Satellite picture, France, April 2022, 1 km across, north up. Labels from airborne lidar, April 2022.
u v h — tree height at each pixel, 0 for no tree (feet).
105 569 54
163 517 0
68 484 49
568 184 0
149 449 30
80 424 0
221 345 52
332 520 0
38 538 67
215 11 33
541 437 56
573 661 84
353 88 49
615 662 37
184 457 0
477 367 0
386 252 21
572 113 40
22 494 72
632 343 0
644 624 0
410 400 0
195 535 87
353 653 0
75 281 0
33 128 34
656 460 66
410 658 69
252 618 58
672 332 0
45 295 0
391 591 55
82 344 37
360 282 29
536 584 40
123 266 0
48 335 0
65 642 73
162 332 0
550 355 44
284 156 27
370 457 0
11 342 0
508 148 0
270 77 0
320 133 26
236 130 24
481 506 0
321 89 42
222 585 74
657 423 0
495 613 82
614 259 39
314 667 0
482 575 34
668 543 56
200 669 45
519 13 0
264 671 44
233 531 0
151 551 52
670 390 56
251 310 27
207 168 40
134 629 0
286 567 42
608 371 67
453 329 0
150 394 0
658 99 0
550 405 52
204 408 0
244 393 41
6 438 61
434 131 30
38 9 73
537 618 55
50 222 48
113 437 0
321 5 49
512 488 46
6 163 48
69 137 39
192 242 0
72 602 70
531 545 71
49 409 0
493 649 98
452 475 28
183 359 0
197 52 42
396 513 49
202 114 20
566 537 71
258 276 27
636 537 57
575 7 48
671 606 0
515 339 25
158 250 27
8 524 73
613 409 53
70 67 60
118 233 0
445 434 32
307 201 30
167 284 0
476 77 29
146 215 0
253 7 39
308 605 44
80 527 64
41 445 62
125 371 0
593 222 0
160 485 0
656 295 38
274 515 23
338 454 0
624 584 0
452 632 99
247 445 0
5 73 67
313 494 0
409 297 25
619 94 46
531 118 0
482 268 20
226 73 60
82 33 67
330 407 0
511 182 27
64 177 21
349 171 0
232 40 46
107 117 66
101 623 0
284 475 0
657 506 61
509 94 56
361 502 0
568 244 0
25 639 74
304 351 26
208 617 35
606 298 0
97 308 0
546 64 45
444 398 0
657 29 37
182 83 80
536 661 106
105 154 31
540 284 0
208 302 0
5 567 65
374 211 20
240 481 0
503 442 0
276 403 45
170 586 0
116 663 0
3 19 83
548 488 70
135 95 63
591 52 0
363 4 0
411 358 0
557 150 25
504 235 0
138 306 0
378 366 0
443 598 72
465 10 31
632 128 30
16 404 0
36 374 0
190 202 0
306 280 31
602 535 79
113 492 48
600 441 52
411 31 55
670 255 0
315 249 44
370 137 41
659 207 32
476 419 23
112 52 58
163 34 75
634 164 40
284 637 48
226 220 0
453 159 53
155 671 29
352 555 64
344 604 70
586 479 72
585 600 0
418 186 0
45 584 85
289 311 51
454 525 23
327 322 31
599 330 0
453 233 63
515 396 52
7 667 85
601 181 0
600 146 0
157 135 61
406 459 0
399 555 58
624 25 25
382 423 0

_ _ _ _ _

> _What is being asked_
Each entry shown above is to be duplicated exactly.

> _Solution to the problem_
Satellite picture, France, April 2022, 1 km across, north up. Labels from airborne lidar, April 2022.
u v h — tree height at each pixel, 0 for no tree (feet).
105 569 54
163 517 0
68 484 49
568 184 0
149 449 30
80 424 0
221 345 52
332 520 0
38 538 67
215 11 33
541 437 56
573 661 84
353 88 49
615 662 37
184 457 0
477 367 0
386 252 21
572 113 40
22 494 72
632 343 0
644 624 0
410 400 0
195 535 87
353 653 0
75 281 0
33 128 34
656 460 66
410 658 69
252 618 58
672 332 0
45 295 0
391 591 55
82 344 37
360 282 29
536 584 40
123 266 0
48 335 0
65 642 73
162 332 0
550 355 44
284 156 27
370 457 0
11 342 0
508 148 0
270 77 0
320 133 26
236 130 24
481 506 0
321 89 42
222 585 74
657 423 0
495 613 82
614 259 39
314 667 0
482 575 34
668 543 56
200 669 45
519 13 0
264 671 44
233 531 0
151 551 52
670 390 56
251 310 27
207 168 40
134 629 0
286 567 42
608 371 67
453 329 0
150 394 0
658 99 0
550 405 52
204 408 0
244 393 41
6 438 61
434 131 30
38 9 73
537 618 55
50 222 48
113 437 0
321 5 49
512 488 46
6 163 48
69 137 39
192 242 0
72 602 70
531 545 71
49 409 0
493 649 98
452 475 28
183 359 0
197 52 42
396 513 49
202 114 20
566 537 71
258 276 27
636 537 57
575 7 48
671 606 0
515 339 25
158 250 27
8 524 73
613 409 53
70 67 60
118 233 0
445 434 32
307 201 30
167 284 0
476 77 29
146 215 0
253 7 39
308 605 44
80 527 64
41 445 62
125 371 0
593 222 0
160 485 0
656 295 38
274 515 23
338 454 0
624 584 0
452 632 99
247 445 0
5 73 67
313 494 0
409 297 25
619 94 46
531 118 0
482 268 20
226 73 60
82 33 67
330 407 0
511 182 27
64 177 21
349 171 0
232 40 46
107 117 66
101 623 0
284 475 0
657 506 61
509 94 56
361 502 0
568 244 0
25 639 74
304 351 26
208 617 35
606 298 0
97 308 0
546 64 45
444 398 0
657 29 37
182 83 80
536 661 106
105 154 31
540 284 0
208 302 0
5 567 65
374 211 20
240 481 0
503 442 0
276 403 45
170 586 0
116 663 0
3 19 83
548 488 70
135 95 63
591 52 0
363 4 0
411 358 0
557 150 25
504 235 0
138 306 0
378 366 0
443 598 72
465 10 31
632 128 30
16 404 0
36 374 0
190 202 0
306 280 31
602 535 79
113 492 48
600 441 52
411 31 55
670 255 0
315 249 44
370 137 41
659 207 32
476 419 23
112 52 58
163 34 75
634 164 40
284 637 48
226 220 0
453 159 53
155 671 29
352 555 64
344 604 70
586 479 72
585 600 0
418 186 0
45 584 85
289 311 51
454 525 23
327 322 31
599 330 0
453 233 63
515 396 52
7 667 85
601 181 0
600 146 0
157 135 61
406 459 0
399 555 58
624 25 25
382 423 0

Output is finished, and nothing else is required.